Comprometidos

No sé si se enteraron, pero ahora hay toda una revuelta acerca de la actitud que tuvo el humorista Tato Bores durante la Dictadura. Para ser más precisos, mientras hubo desapariciones y torturas, él siguió trabajando cómodamente en televisión y que hubiese tenido la posibilidad de hacer algo más al respecto, y no sólo quedarse en el humor.

Que no se pretende decir que él fue cómplice o ideólogo de la Dictadura. Pero que tampoco ha hecho mucho para ponerle pecho, en comparación con otras figuras de la talla de, por ejemplo, Rodolfo Walsh.
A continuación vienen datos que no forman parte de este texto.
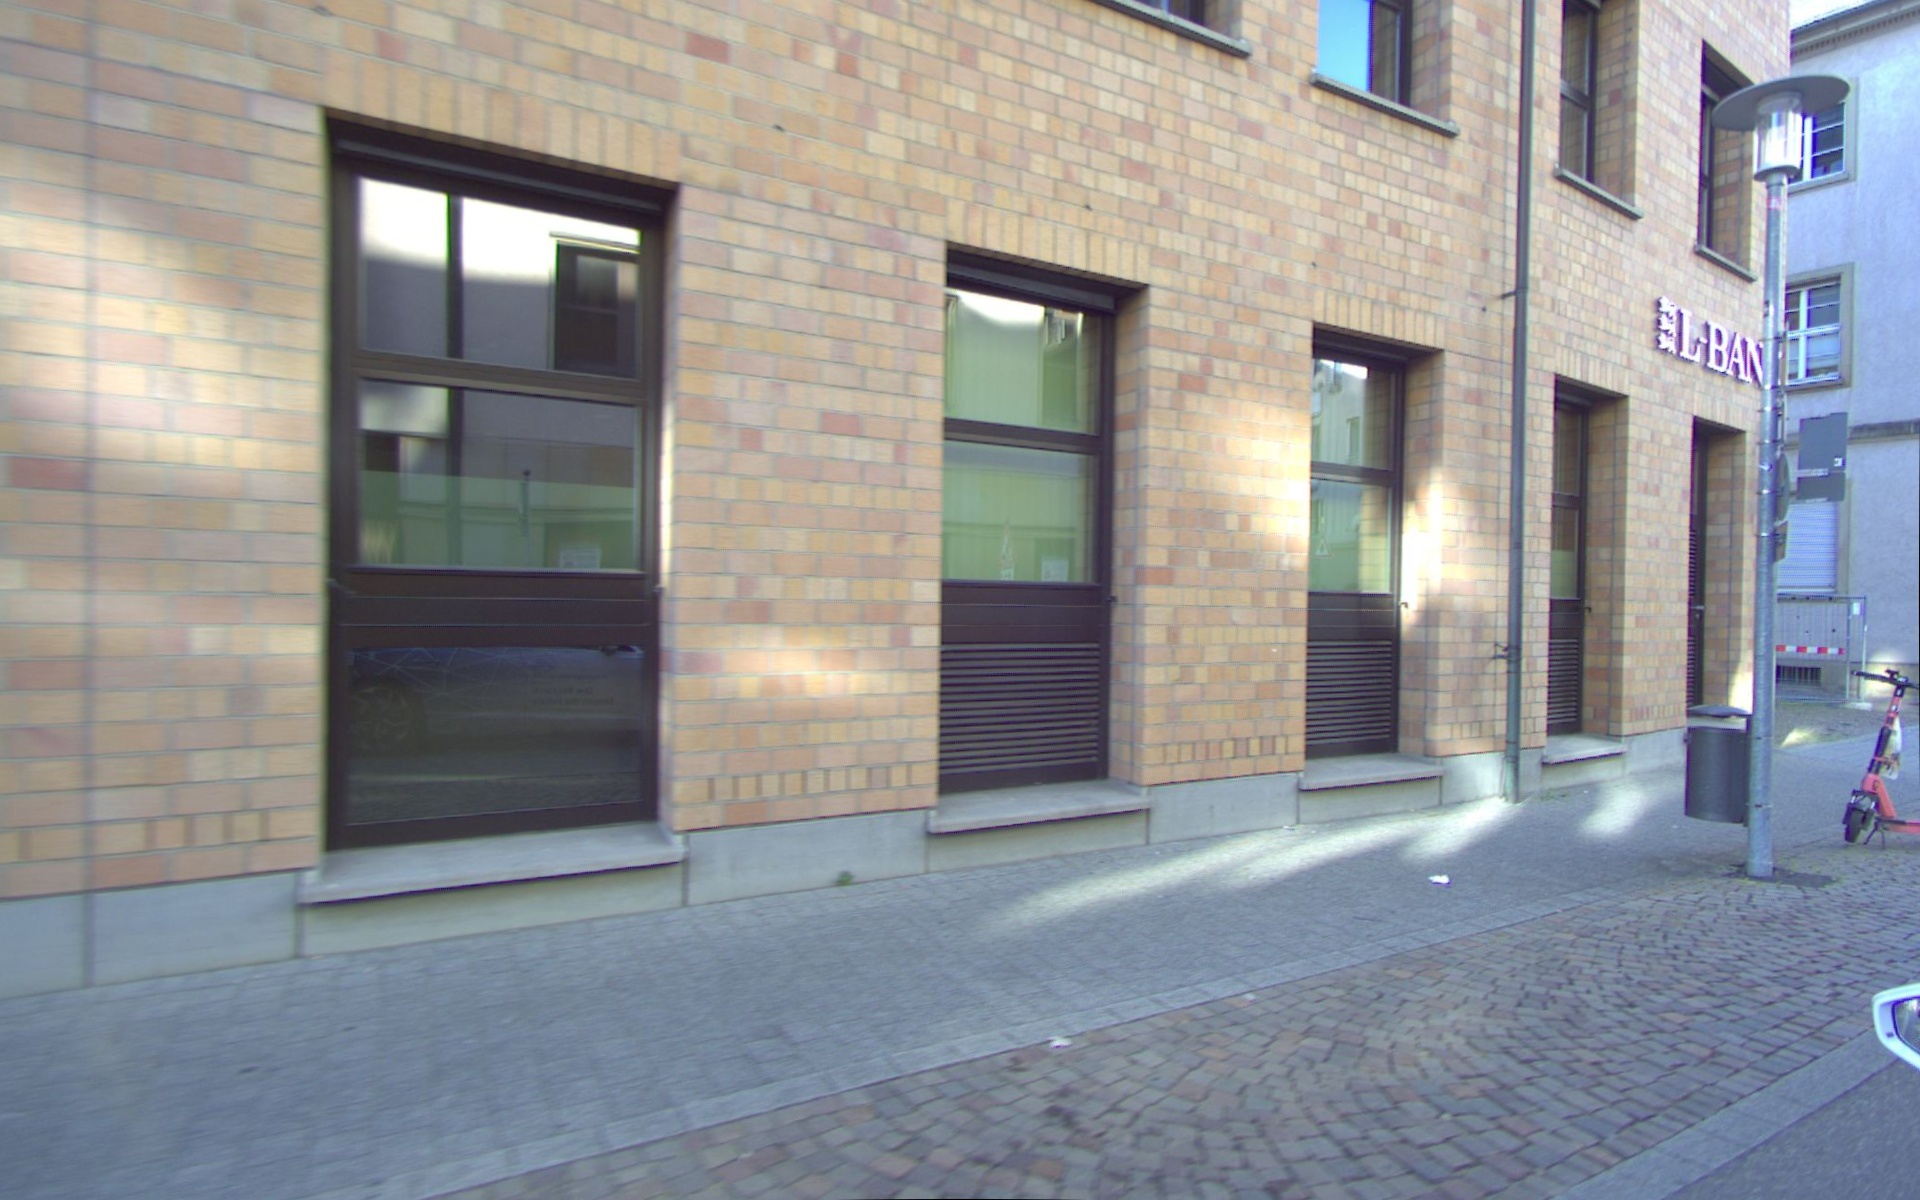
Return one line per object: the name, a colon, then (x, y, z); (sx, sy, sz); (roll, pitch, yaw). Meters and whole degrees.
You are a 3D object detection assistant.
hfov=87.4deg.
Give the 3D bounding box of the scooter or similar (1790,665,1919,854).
scooter or similar: (6.864, 1.106, 7.165); (1.331, 1.233, 0.699); (1, 0, -4)

Es curioso. Pero los que lo señalan con el dedo a Tato, nunca señalan a los que tienen a su lado. Para dar el ejemplo más fácil: ¿acaso Orlando Barone hizo algo al respecto? ¿No podría haber hecho algo más estando en Clarín durante todos los años oscuros?
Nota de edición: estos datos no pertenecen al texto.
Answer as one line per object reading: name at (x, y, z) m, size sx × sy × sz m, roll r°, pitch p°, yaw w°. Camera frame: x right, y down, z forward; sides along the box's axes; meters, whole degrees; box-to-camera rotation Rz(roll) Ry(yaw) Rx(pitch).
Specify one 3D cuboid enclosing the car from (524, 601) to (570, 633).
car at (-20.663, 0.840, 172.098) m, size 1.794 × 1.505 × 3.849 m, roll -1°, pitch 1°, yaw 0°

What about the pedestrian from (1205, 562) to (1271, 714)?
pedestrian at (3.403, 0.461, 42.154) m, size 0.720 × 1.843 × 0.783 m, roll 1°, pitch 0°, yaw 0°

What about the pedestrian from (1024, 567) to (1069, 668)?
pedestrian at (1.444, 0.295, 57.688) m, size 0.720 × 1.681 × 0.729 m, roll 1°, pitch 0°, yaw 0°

Otro de los que tienen el dedo gordo es el ministro Florencio Randazzo, el mismo que está decidido a dar una clase magistral sobre periodismo gritando el nombre completo de aquel que no ejerce su profesión de manera “objetiva”. Él afirmó en 6-7-8 que ya habido gente que sabía lo que pasaba, que su papá se lo había advertido cuando él era chico. Por ende, le genera cierta inquietud que Tato haya optado por continuar con su rol de comunicador irónico.

Lo que Florencio no advierte es que él es ciego a la hora de ver quién tiene sentado al lado suyo. El canciller Héctor Timerman dirigió un diario monstruoso como es La Tarde, manejado por su papito Jacobo. El 24 de marzo de aquel año oscuro del setentaisiete, cuando Clarín calificó al golpe como el inicio de un “Nuevo Gobierno”, Tarde directamente segmentó la realidad para resaltar lo acontecido con el juramento militar “para reorganizar a la Nación”. Guevarismo puro.
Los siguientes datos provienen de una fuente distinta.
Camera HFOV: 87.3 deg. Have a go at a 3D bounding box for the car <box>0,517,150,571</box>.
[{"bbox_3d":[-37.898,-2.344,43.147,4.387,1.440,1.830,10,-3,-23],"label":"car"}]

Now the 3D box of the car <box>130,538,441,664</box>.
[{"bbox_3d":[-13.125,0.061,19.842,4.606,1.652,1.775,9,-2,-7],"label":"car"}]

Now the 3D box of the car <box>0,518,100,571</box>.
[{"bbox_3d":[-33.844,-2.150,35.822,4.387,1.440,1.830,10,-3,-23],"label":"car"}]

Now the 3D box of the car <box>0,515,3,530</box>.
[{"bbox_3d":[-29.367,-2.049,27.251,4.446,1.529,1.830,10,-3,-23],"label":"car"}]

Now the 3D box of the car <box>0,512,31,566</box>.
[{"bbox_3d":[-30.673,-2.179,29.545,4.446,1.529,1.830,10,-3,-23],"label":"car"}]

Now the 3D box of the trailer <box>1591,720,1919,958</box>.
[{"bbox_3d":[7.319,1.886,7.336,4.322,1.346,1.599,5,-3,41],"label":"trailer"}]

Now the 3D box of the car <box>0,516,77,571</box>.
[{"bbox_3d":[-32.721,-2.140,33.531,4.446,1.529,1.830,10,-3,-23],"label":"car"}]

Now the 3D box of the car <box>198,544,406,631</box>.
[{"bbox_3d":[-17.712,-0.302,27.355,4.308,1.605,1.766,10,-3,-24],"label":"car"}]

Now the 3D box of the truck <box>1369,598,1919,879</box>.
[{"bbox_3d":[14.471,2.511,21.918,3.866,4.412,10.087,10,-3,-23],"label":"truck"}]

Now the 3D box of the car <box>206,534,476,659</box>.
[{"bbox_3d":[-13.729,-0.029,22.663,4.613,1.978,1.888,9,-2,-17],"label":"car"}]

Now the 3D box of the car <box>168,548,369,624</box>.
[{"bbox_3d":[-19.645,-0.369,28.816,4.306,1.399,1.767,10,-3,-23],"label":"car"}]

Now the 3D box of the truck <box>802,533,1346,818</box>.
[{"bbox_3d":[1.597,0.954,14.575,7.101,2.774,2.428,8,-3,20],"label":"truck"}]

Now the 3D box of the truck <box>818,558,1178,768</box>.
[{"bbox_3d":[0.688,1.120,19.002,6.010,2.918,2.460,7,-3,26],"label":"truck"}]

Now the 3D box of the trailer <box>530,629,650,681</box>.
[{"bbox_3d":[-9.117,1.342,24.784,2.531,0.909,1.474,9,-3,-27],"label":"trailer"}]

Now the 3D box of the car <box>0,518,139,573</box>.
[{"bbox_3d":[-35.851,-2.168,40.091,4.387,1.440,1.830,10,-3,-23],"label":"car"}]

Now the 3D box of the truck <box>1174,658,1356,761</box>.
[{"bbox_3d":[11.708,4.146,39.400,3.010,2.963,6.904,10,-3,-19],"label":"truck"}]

Y si vamos a ir mucho más lejos, preguntémonos entre todos: ¿qué hicieron Néstor y Cristina durante la Dictadura? ¿Saben qué hicieron? Compraban departamentos. Compraban departamentos y de ahí avanzarían con todo su negociado de compras de tierras y departamentos en El Calafate, toda la familia. Mierda, qué militancia, ¿no?

No sé ustedes. Pero para mí, un chiste de Tato en plena dictadura fue muchísimo más comprometido que lo que hizo el matrimonio Kirchner en aquel entonces.